Todo ser humano, si se detiene a mirar su propio fondo, reconocerá la Realidad que le alberga. Una suerte de diafanidad, de claridad, de transparencia a la que sólo tiene acceso quien, no sin dolor, se ha des-ubicado de sí mismo. Hablo de un liberador desalojo previo como condición necesaria para que el “buscador” se haga transparente al Todo que le habita.
En el camino del Zen es frecuente acompañarse de trashumantes, itinerantes, caminantes… buscadores. Todos de algún modo lo somos, sin embargo he descubierto en muchos de ellos y ellas una común característica: la apertura ilimitada del desposeído, que basa en su desnudez el poder de percibir y penetrar la Profundidad del Espíritu que le interpela, que cada instante le insta y le remueve hasta hacerse transparente. El amoroso apremio de un dios tsunami (lo sin nombre) ahuecándose en ternura. Tengo la certeza de que la experiencia del Ser es fundamentalmente una experiencia unificante y fundamentalmente amorosa.

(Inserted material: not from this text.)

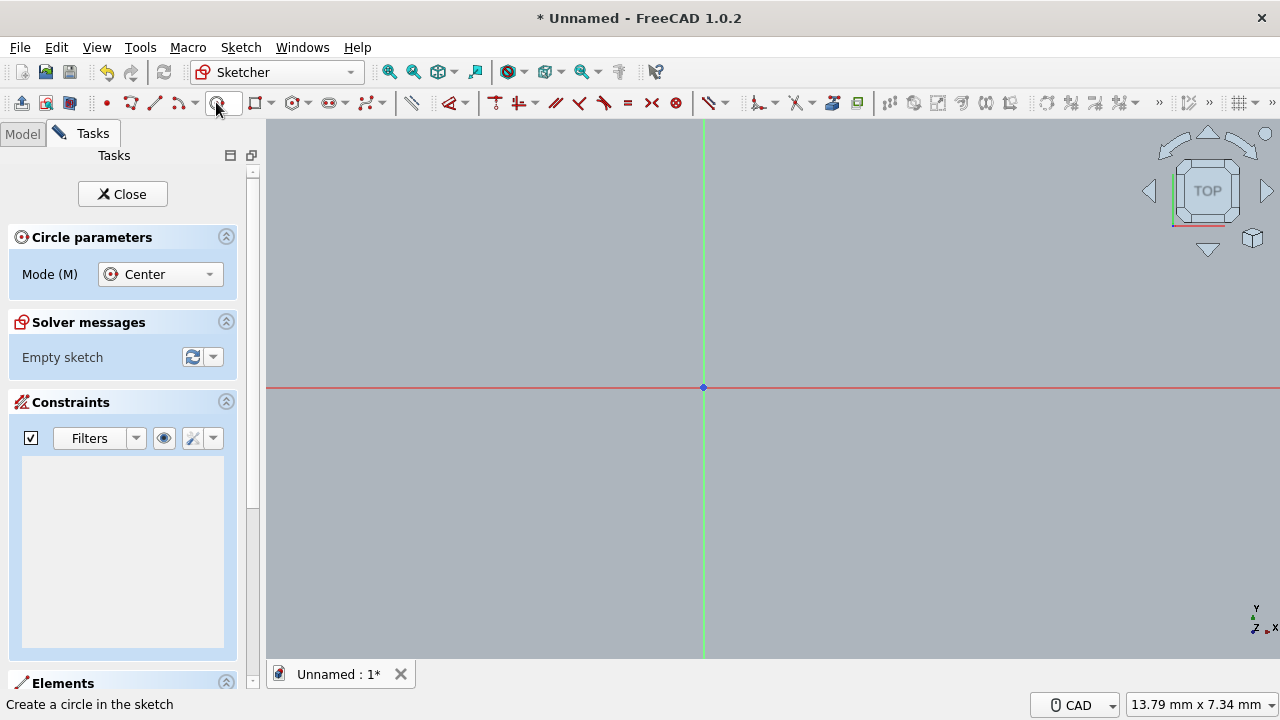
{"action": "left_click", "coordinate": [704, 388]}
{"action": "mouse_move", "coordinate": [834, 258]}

Hacerse obertura, apertura, desnudez. Des-centrarse. Ser receptáculo vacío para que, sin límites, lo ilimitado pueda manifestarse hacia el mundo. Y desde esa hondura del ser humano Disponible, Nadie, huérfano de narcisismo.
Transformarse en hendidura por donde se filtra ese torrente de luz incontenible por escuelas, normas, rituales y leyes que intentan limitar el amoroso desbordamiento de lo ilimitado, que no sabe de fronteras.
Nuestro lugar es la altura y la bajura, la cúspide y la base; ser hermano de pies a cabeza, sin que nadie quede excluido –ni los excluyentes- de esa fraternidad que interpela el alma en cada instante.
Vaciarse es capacitarse, hacerse disponible para acceder a la catarata que brota de la incontenible torrentera. Una disposición previa, y muy urgente para poder orientar y ayudar a orientarse a un mundo desorientado.